Built 48 features: lag-24h/48h/168h, rolling 24h/168h stats, HDD/CDH per city, cyclical sin/cos encodings, and temperature × hour interaction terms.

Phase 5

Optuna Hyperparameter Tuning

Ran 50+ trials each for Prophet (CV-based RMSE) and XGBoost (time-series CV). Best XGBoost params: max_depth=6, n_estimators=790, learning_rate=0.058.

Phase 6

Evaluation & MLflow Tracking

Evaluated all models on the held-out 20% test set (18,567 hours). XGBoost wins with RMSE 1,147 MWh and MAPE 2.90% — 37% improvement over SARIMAX (rolling 24-h). SARIMAX outperforms tuned Prophet on all three metrics.

Key Design Decisions

80/20 Chronological Split

No shuffling — the split respects temporal order to prevent data leakage. Train: 74,266 hours. Test: 18,567 hours (last ~2.1 years).

Lag Features as Primary Predictors

demand_lag_24h and demand_lag_168h are the two highest-correlated features. They capture daily and weekly periodicity more directly than cyclical encodings.
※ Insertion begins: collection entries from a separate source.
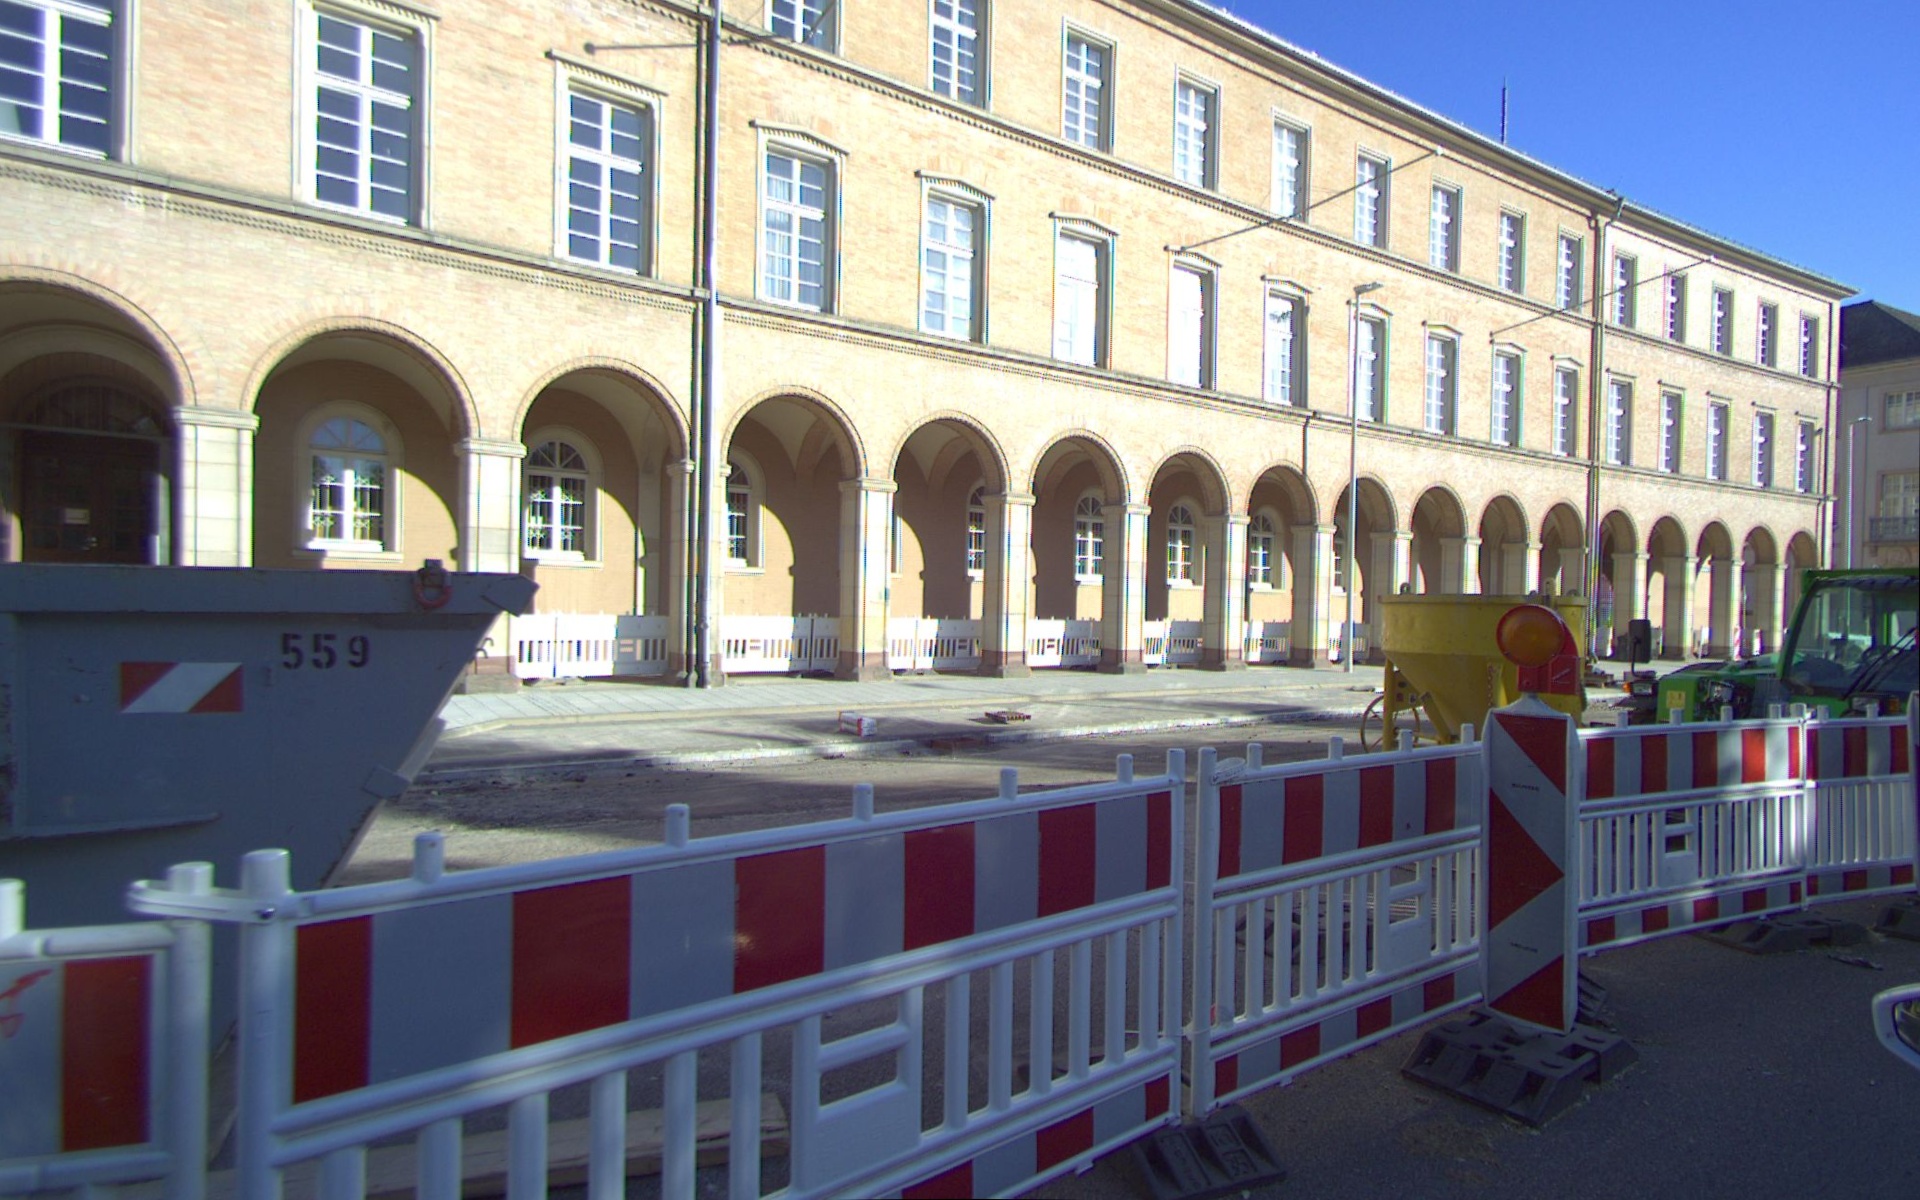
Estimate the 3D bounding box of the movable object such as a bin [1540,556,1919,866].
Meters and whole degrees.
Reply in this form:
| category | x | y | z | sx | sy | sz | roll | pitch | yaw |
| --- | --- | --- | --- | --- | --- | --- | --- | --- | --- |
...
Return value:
| category | x | y | z | sx | sy | sz | roll | pitch | yaw |
| --- | --- | --- | --- | --- | --- | --- | --- | --- | --- |
| movable object such as a bin | 7.119 | 0.702 | 8.302 | 4.279 | 1.975 | 2.042 | 0 | 1 | -27 |

Weather Aggregation Strategy

Per-city HDD/CDH retained alongside region-mean values. City-level granularity captures spatial variation in grid load across the SOCO service territory.

Optuna Over Grid Search

Tree-structured Parzen Estimator (TPE) sampler efficiently explored the continuous hyperparameter space — far cheaper than exhaustive grid search given XGBoost's 8-dimensional parameter space.

Lessons Learned

Lesson 01

CV Results Don't Always Predict Test-Set Winners

Prophet had a lower cross-validation RMSE during tuning than XGBoost, but XGBoost significantly outperformed it on the held-out test set. This highlights the importance of a true out-of-sample evaluation — CV scores are model selection tools, not final verdicts.

Lesson 02

Timezone Handling is a First-Class Engineering Concern

EIA-930 and NOAA data arrive in different timezones. A silent timezone mismatch creates a systematic 5-hour shift in demand-weather alignment — one of the most damaging data bugs possible in this domain. UTC everywhere, validate early.

Lesson 03

Lag Features Are Both the Most Powerful and Most Dangerous

demand_lag_24h is the strongest predictor — but it also creates the highest risk of data leakage if the split is not strictly chronological. The 80/20 temporal split with no shuffling was non-negotiable.

Lesson 04

Prophet's Built-In Diagnostics Are Production-Ready

Prophet's cross-validation and component plots (trend, weekly, yearly, holidays) are genuinely useful for stakeholder communication — not just model development. The decomposition makes seasonality immediately interpretable.

Lesson 05

Portfolio Apps Are Themselves Engineering Products

Building both a Streamlit app and this static HTML version forced clear separation between data generation (Python scripts), model artefacts (JSON/CSV), and presentation (app layer). This separation made both apps easier to maintain and deploy independently.